Published online by Cambridge University Press: 05 April 2013
Conformal expanding repellers (abbreviation CERs) have already been defined in Chapter 6, and some basic properties of expanding sets and repellers in dimension one were discussed in Section 6.2. A more advanced geometric theory in the real one-dimensional case was covered in Chapter 7.
Now we have a new tool: the Frostman Lemma and related facts from Chapter 8. Equipped with the theory of Gibbs measures, and with the pressure function, we are able to develop a geometric theory of CERs, with Hausdorff measures and dimension playing the crucial role. We shall present this theory for C1+ε conformal expanding repellers in ℝd. The main case of our interest will be d = 2. Recall (Section 6.2) that the assumed conformality forces for d = 2 that f is holomorphic or anti-holomorphic, and for d ≥ 3 that f is locally a Möbius map. Conformality for d = 1 is meaningless, so we assume C1+ε in order to be able to rely on the Bounded Distortion for Iteration lemma.
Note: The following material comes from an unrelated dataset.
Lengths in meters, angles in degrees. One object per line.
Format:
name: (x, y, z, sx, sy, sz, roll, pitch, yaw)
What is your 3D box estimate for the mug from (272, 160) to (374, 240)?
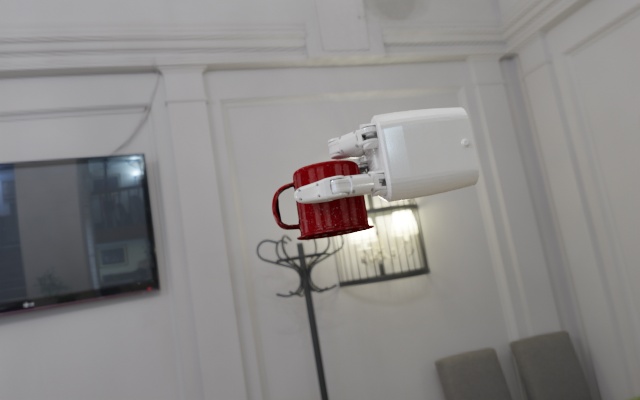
mug: (-0.001, 0.002, 0.572, 0.117, 0.081, 0.093, -8, -8, -6)

We shall outline a theory of Gibbs measures from the point of view of multifractal spectra of dimensions (Section 9.2) and pointwise fluctuations due to the Law of Iterated Logarithm (Section 9.3).
For d = 2 we shall apply this theory to study the boundary Fr Ω of a simply connected domain Ω, and in particular a simply connected immediate basin of attraction to a sink for a rational mapping of the Riemann sphere.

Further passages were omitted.